Cloud spend is heading skyward, according to a recent survey, and is often sparking tension between execs in charge of finance functions and their colleagues in tech.

According to a recent poll of 600 finance and tech leaders in the US and UK by software-as-a-service spending management firm Vertice, 55% of companies are spending more year over year on cloud in 2023. Just 5% of respondents reported their organization saw a decrease. Almost one-quarter (24%) of respondents reported a “significant increase,” while just 1% reported a similarly significant decrease.

Nearly three times as many finance leaders in the survey (26%) reported their top concern on cloud management was cost as tech leaders (9%). What’s more, 44% of finance leaders named their top issue as a lack of “visibility into the cloud environment.”

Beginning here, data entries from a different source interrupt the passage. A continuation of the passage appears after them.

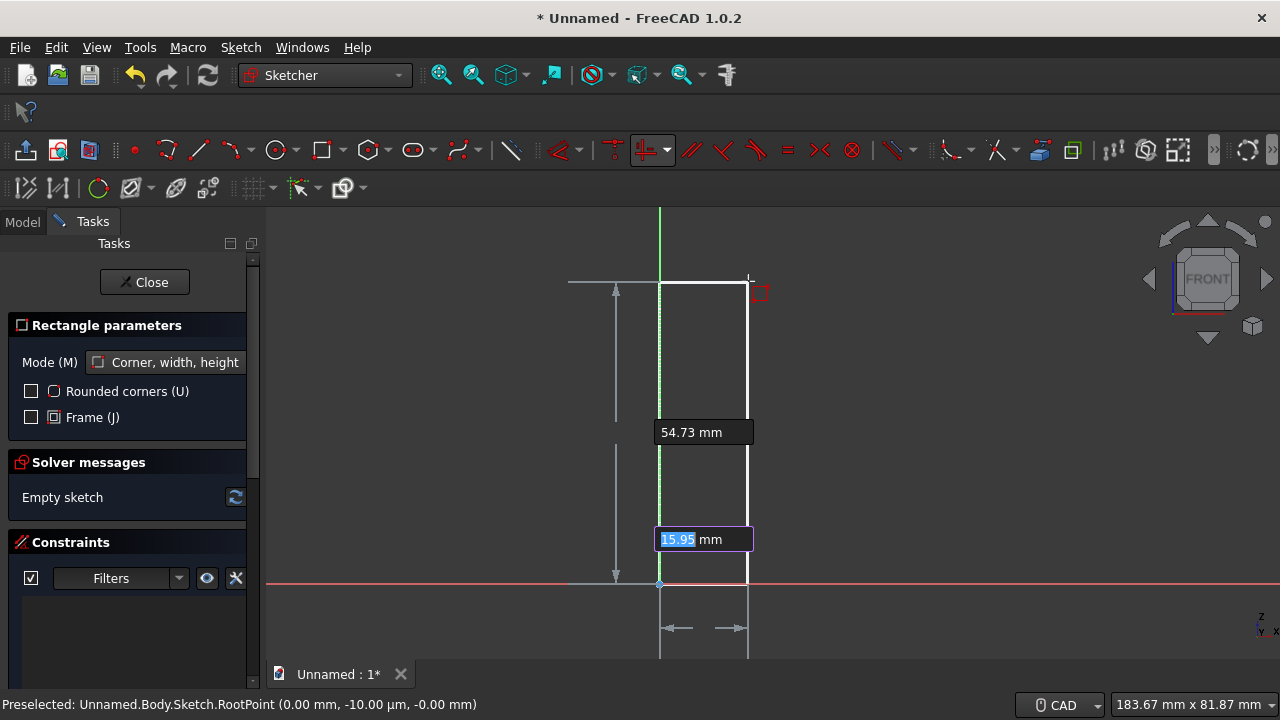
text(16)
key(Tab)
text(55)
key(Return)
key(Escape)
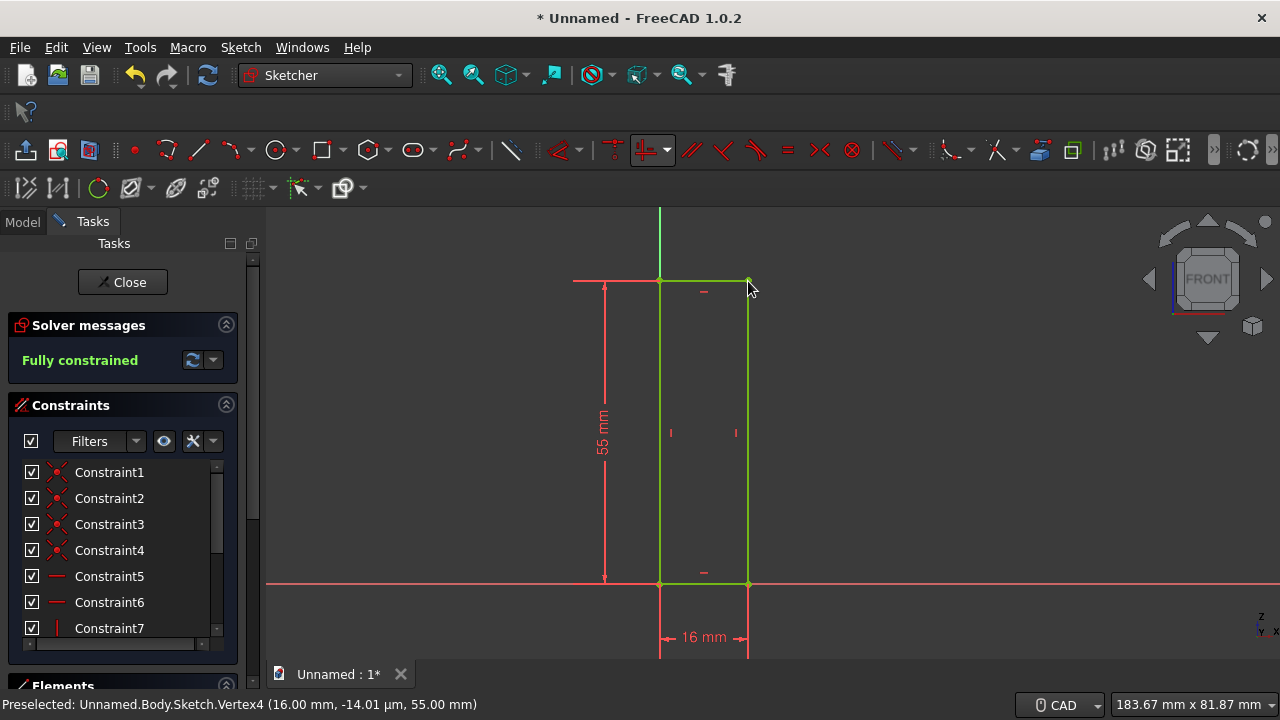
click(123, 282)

For their part, technology leaders told Vertice their top concerns were hiring skilled cloud workers (40%) followed by scaling (21%) and visibility (20%), reflecting priorities like hitting deadlines and building buzzy new products.

Cloud services are “very heavily geared towards scaling when you need it, and ensuring, almost encouraging you to take on more resources as you need them,” Josh Wigmore, VP of product at Vertice, told IT Brew. “So, spinning up more development environments, testing out new features, is made super easy…Organizations really aren’t forced to consider the costs of these things when they’re doing them.”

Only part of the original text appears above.